WHAT YOU HAVE TO DO: Give back an exact copy of the entries beneath, minus the pictures.
-- Opening Marker --
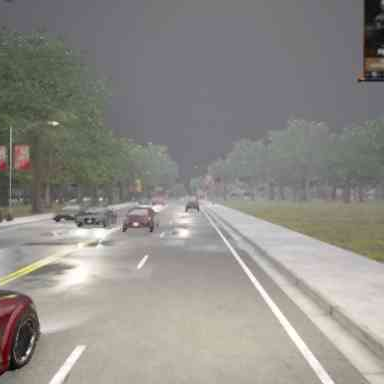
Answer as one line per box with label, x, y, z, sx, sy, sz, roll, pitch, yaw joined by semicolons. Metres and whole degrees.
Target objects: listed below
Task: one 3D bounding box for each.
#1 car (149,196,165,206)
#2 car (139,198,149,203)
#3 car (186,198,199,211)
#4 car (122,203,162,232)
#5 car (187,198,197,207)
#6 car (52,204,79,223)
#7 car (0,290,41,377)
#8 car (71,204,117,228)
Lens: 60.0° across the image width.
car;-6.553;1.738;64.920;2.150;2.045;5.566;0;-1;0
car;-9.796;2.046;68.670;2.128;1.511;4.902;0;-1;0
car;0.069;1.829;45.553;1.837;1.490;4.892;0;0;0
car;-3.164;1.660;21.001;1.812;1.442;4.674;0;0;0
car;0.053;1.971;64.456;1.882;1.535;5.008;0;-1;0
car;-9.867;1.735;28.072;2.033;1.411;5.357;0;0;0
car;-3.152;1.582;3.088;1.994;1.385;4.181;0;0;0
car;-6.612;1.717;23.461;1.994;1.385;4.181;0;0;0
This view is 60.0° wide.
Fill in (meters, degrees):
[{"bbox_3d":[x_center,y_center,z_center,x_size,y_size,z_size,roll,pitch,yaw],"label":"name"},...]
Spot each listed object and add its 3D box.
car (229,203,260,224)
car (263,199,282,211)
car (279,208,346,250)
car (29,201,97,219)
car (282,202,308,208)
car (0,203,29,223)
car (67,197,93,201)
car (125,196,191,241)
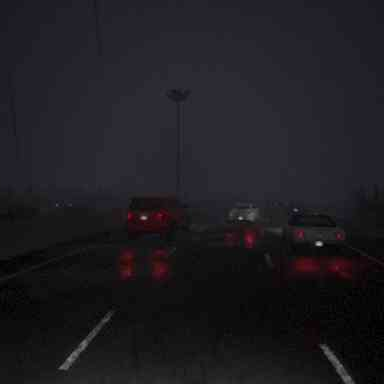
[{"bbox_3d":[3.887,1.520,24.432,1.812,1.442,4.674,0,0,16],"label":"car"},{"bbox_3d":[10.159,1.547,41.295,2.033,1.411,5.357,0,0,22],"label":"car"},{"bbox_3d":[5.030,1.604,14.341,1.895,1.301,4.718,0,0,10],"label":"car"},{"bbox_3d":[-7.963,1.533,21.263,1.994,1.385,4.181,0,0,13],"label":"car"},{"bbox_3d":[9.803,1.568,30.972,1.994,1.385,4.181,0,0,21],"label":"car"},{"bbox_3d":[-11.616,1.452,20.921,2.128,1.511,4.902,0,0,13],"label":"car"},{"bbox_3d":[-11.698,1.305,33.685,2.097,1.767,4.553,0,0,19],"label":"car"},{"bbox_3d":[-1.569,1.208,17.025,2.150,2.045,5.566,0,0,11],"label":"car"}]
-- Closing Marker --
OUTPUT BELOW:
Answer as one line per box with label, x, y, z, sx, sy, sz, roll, pitch, yaw joined by semicolons. Metres and whole degrees.
Target objects: listed below
Task: one 3D bounding box for each.
#1 car (149,196,165,206)
#2 car (139,198,149,203)
#3 car (186,198,199,211)
#4 car (122,203,162,232)
#5 car (187,198,197,207)
#6 car (52,204,79,223)
#7 car (0,290,41,377)
#8 car (71,204,117,228)
Lens: 60.0° across the image width.
car;-6.553;1.738;64.920;2.150;2.045;5.566;0;-1;0
car;-9.796;2.046;68.670;2.128;1.511;4.902;0;-1;0
car;0.069;1.829;45.553;1.837;1.490;4.892;0;0;0
car;-3.164;1.660;21.001;1.812;1.442;4.674;0;0;0
car;0.053;1.971;64.456;1.882;1.535;5.008;0;-1;0
car;-9.867;1.735;28.072;2.033;1.411;5.357;0;0;0
car;-3.152;1.582;3.088;1.994;1.385;4.181;0;0;0
car;-6.612;1.717;23.461;1.994;1.385;4.181;0;0;0
This view is 60.0° wide.
Fill in (meters, degrees):
[{"bbox_3d":[x_center,y_center,z_center,x_size,y_size,z_size,roll,pitch,yaw],"label":"name"},...]
Spot each listed object and add its 3D box.
car (229,203,260,224)
car (263,199,282,211)
car (279,208,346,250)
car (29,201,97,219)
car (282,202,308,208)
car (0,203,29,223)
car (67,197,93,201)
car (125,196,191,241)
[{"bbox_3d":[3.887,1.520,24.432,1.812,1.442,4.674,0,0,16],"label":"car"},{"bbox_3d":[10.159,1.547,41.295,2.033,1.411,5.357,0,0,22],"label":"car"},{"bbox_3d":[5.030,1.604,14.341,1.895,1.301,4.718,0,0,10],"label":"car"},{"bbox_3d":[-7.963,1.533,21.263,1.994,1.385,4.181,0,0,13],"label":"car"},{"bbox_3d":[9.803,1.568,30.972,1.994,1.385,4.181,0,0,21],"label":"car"},{"bbox_3d":[-11.616,1.452,20.921,2.128,1.511,4.902,0,0,13],"label":"car"},{"bbox_3d":[-11.698,1.305,33.685,2.097,1.767,4.553,0,0,19],"label":"car"},{"bbox_3d":[-1.569,1.208,17.025,2.150,2.045,5.566,0,0,11],"label":"car"}]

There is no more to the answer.